15 Temmuz 2016 Cum gecesi gerçekleştirilen başarısız darbe girişiminden sonra, Cumhurbaşkanı Recep Tayyip Erdoğan 20 Temmuz 2016'da Milli Güvenlik Kurulu ve Bakanlar Kurulu toplantılarına katıldı. Ardından yaptığı açıklamada, darbe girişiminde bulunan terör örgütünün tüm unsurlarıyla ve süratle bertaraf edilebilmesi için anayasanın 120. maddesi uyarınca 3 ay süreyle tüm yurtta (OHAL) olağanüstü hal ilan edildiğini açıkladı. Ertesi gün Resmi Gazete'de yayınlanan açıklama TBMM'de de onaydan geçti.

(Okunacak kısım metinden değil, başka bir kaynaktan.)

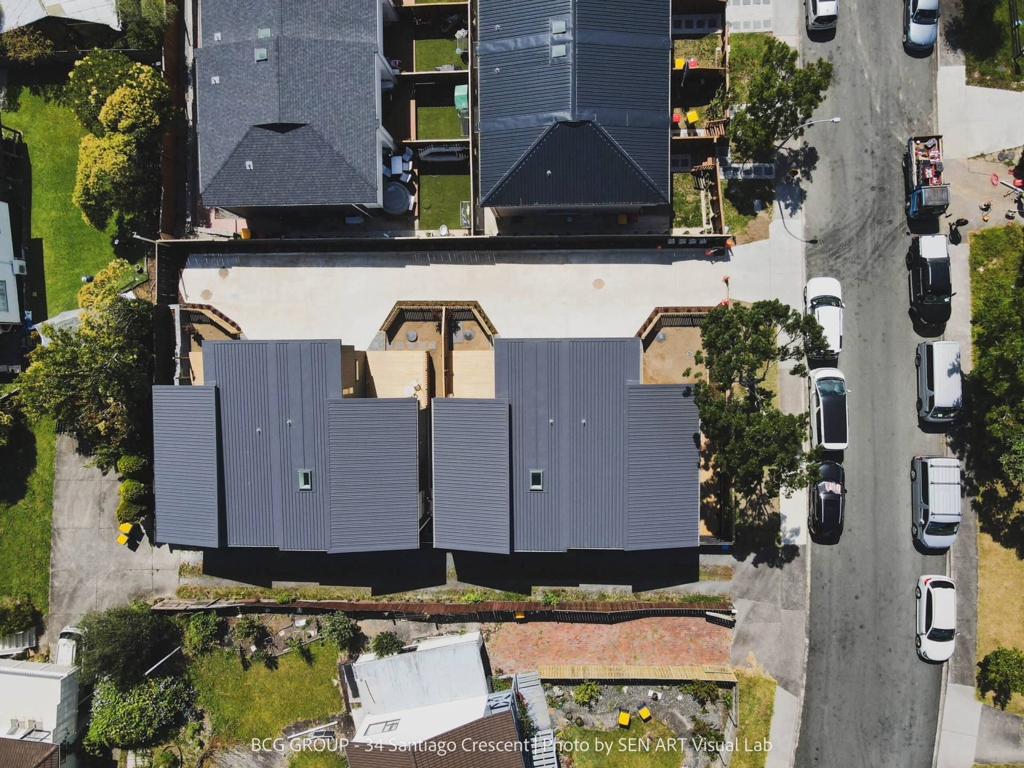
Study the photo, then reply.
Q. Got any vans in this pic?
Yes
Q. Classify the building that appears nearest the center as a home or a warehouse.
home
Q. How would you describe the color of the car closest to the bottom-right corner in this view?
white
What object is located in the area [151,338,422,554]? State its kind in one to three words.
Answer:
house
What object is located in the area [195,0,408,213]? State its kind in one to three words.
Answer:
house
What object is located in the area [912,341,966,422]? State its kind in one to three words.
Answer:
van
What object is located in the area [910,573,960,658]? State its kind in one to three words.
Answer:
car
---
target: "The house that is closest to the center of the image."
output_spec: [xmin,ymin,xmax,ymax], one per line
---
[430,336,702,554]
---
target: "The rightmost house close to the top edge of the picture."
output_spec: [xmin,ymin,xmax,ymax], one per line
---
[476,0,673,213]
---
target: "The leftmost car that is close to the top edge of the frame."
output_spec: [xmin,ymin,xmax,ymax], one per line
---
[798,0,840,33]
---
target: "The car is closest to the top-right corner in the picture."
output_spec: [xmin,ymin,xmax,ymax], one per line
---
[896,0,946,56]
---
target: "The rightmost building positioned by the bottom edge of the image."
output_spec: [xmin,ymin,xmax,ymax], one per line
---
[343,630,535,768]
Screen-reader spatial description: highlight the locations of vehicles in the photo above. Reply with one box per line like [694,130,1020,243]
[800,277,848,362]
[802,456,850,539]
[896,0,946,56]
[902,233,959,328]
[909,456,967,547]
[798,0,840,33]
[805,368,853,451]
[912,341,966,422]
[903,133,958,222]
[910,573,960,658]
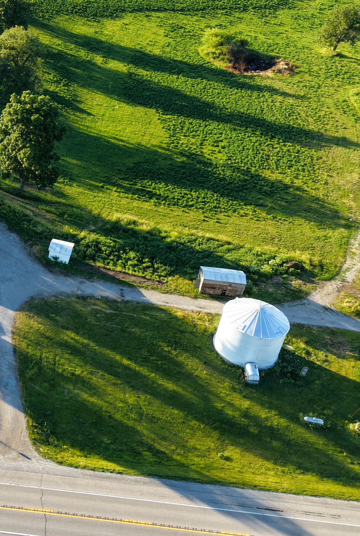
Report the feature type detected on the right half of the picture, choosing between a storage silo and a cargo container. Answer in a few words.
storage silo
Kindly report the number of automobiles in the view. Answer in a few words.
0
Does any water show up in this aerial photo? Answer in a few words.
No
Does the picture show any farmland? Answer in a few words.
Yes
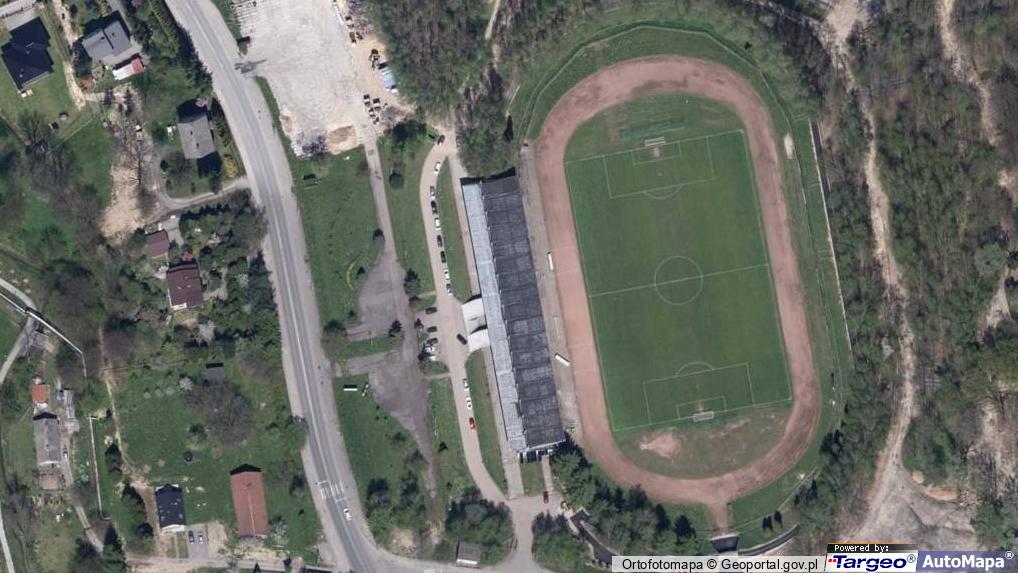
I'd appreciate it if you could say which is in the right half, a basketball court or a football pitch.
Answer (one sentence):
You can see a football pitch in the right half.
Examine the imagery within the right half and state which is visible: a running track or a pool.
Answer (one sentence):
Looking within the right half, you will find a running track.
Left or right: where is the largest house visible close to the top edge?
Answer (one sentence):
You can find the largest house visible close to the top edge on the left side of the picture.
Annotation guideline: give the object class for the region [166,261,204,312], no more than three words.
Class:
house
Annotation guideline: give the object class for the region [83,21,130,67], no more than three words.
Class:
house
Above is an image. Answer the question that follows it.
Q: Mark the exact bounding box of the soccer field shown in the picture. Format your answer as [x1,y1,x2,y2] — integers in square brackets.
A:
[565,129,791,433]
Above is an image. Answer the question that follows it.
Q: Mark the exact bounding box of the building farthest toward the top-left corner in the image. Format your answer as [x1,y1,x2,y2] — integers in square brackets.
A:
[3,18,55,84]
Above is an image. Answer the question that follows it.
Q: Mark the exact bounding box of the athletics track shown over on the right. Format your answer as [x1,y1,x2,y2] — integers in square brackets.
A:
[537,54,821,531]
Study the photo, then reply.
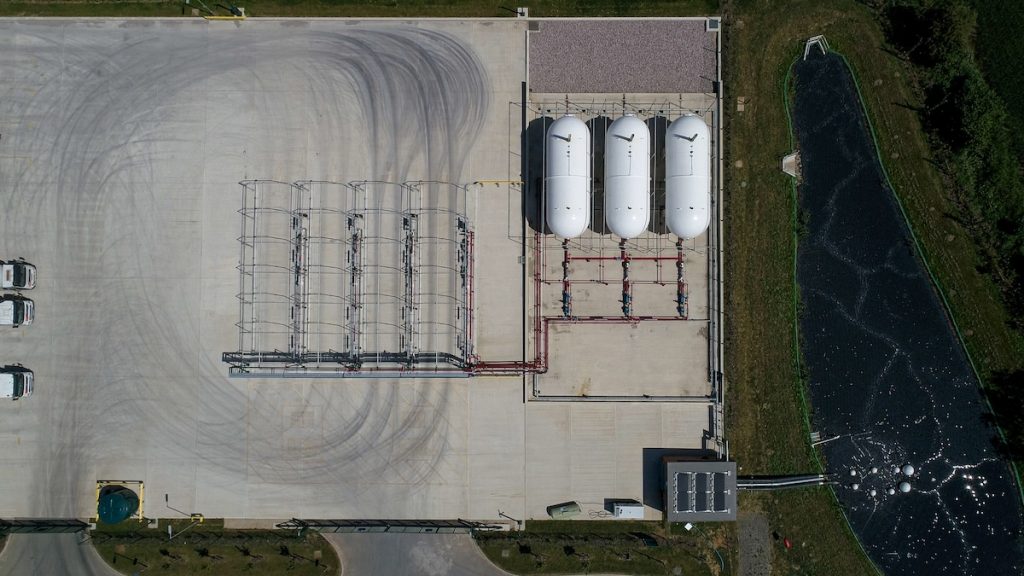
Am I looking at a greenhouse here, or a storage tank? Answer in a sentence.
Visible in the photo is a storage tank.
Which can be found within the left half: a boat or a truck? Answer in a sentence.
You can see a truck within the left half.
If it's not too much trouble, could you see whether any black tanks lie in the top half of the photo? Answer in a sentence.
No, looking in the top half of the photo, there is no black tank.
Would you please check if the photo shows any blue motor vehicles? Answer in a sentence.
No, there's no blue motor vehicle here.
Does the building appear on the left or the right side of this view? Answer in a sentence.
The building is on the right side of the image.
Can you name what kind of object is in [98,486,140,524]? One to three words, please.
storage tank
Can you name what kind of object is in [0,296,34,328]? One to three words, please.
truck
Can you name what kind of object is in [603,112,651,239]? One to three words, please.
storage tank
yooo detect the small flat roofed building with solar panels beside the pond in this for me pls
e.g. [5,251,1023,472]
[662,456,736,521]
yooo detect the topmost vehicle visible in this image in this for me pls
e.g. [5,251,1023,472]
[0,259,35,291]
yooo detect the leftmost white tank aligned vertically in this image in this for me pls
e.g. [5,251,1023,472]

Daha önceki bir yazımızda özellikle Twitter'da halkın OHAL'i nasıl karşıladığına dair bazı bilgiler vermiştik. OHAL'in ilanından sonra baro başkanları ve dernek başkanları da alınan karar doğrulutusunda fikirlerini açıkladı. OHAL'de özellikle bazı temel hak, özgürlük ve hukuk kuralları olağanüstü kararlarla ihlal edilebiliyor, bu nedenle özellikle hukukçuların karar hakkındaki yorumları ayrı bir önem taşıyor.

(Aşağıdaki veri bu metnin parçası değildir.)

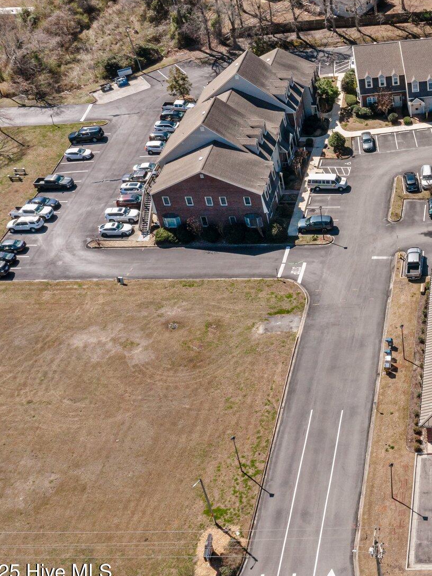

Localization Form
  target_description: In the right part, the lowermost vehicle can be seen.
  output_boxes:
[404,249,424,280]
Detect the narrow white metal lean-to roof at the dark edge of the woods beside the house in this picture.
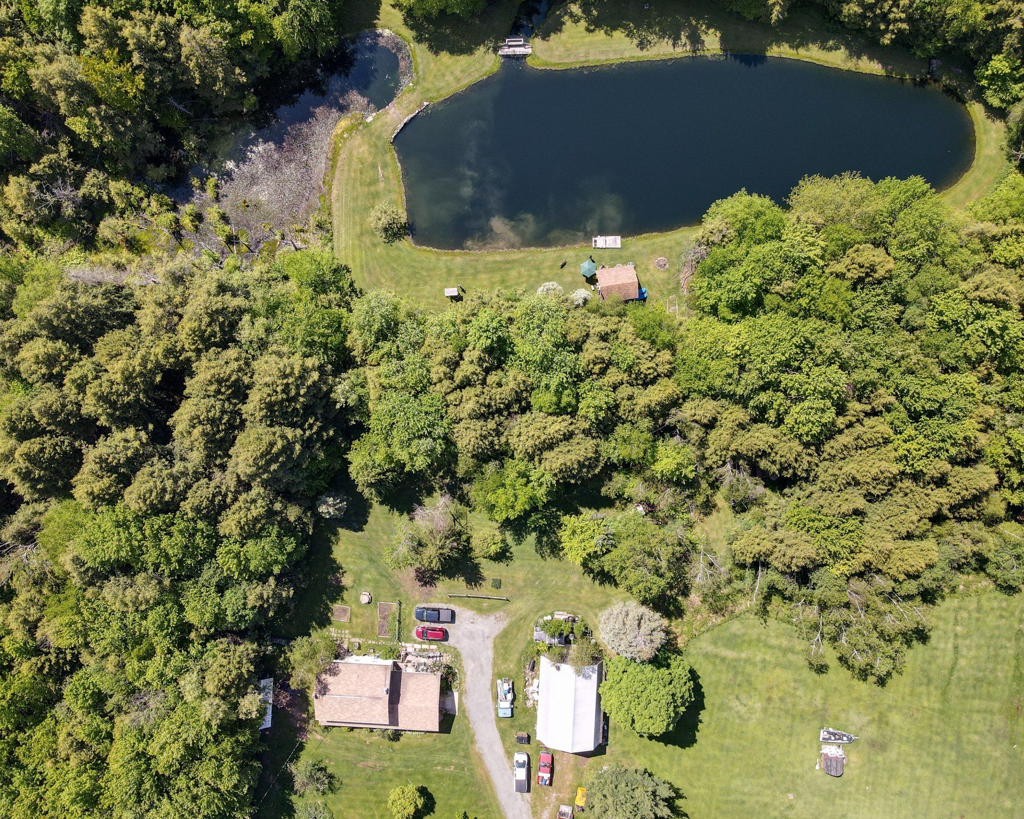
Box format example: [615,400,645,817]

Adana Barosu Başkanı Av. Mengücek Gazi Çıtırık'ın geçmiş tarihlerdeki sıkıyönetimler ve OHAL'leri değerlendirdiği açıklama
Avukat Çıtırık, OHAL konusunda çoğu siyasetçinin tersine endişeli. Bunun en büyük nedeni yaptığı değerlendirmeden de anlaşıldığı gibi geçtiğimiz yıllarda yaşanan OHAL'lerdeki meydana gelen keyfi uygulamalar. Çıtırık açıklamasında 24 Şubat 1925 - 23 Aralık 1927 arasında Muş, Bingöl, Elazığ, Siirt, Diyarbakır, Mardin, Tunceli, Urfa, Bitlis, Van, Hakkari, Malatya ve Erzurum illerinde yaşanan Şeyh Sait İsyanı'ndan 80 darbesine kadar (71 ara rejimi, Menemen olayı, 1960 darbesi gibi olaylar) yaşanan sıkıyönetim ve OHAL dönemlerindeki zorluklara değiniyor. Açıklamasının ikinci kısmı ise şöyle:
"Bir de olağanüstü hal ile geçen yıllarımıza bakalım... 19 Temmuz 1987'de Olağanüstü Hal Yasası'nın (2935 sayılı yasa) uygulamaya başlanması ile Olağanüstü Hal Bölge Valiliği devreye girdi.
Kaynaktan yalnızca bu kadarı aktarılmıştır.